[Available records]
##############################

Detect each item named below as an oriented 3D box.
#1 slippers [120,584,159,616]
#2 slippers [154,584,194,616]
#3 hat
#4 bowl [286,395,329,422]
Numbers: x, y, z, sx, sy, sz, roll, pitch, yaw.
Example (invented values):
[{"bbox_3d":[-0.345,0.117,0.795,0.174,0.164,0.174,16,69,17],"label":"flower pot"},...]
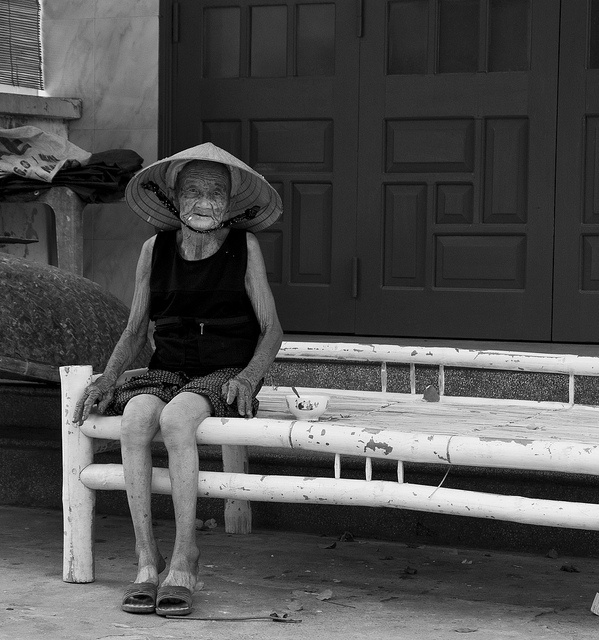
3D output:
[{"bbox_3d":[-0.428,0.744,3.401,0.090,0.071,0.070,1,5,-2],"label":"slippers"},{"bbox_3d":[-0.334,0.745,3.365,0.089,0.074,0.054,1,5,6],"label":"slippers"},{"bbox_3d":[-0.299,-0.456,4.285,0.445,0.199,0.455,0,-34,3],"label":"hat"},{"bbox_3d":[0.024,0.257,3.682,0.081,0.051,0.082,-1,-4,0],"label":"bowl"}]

##############################

[Try it] Word for word, please, restate the lines of the listing from the one holding "Numbers: x, y, z, sx, sy, sz, roll, pitch, yaw." down to the last line, leaving out any pictures.

[The answer]
Numbers: x, y, z, sx, sy, sz, roll, pitch, yaw.
Example (invented values):
[{"bbox_3d":[-0.345,0.117,0.795,0.174,0.164,0.174,16,69,17],"label":"flower pot"},...]
3D output:
[{"bbox_3d":[-0.428,0.744,3.401,0.090,0.071,0.070,1,5,-2],"label":"slippers"},{"bbox_3d":[-0.334,0.745,3.365,0.089,0.074,0.054,1,5,6],"label":"slippers"},{"bbox_3d":[-0.299,-0.456,4.285,0.445,0.199,0.455,0,-34,3],"label":"hat"},{"bbox_3d":[0.024,0.257,3.682,0.081,0.051,0.082,-1,-4,0],"label":"bowl"}]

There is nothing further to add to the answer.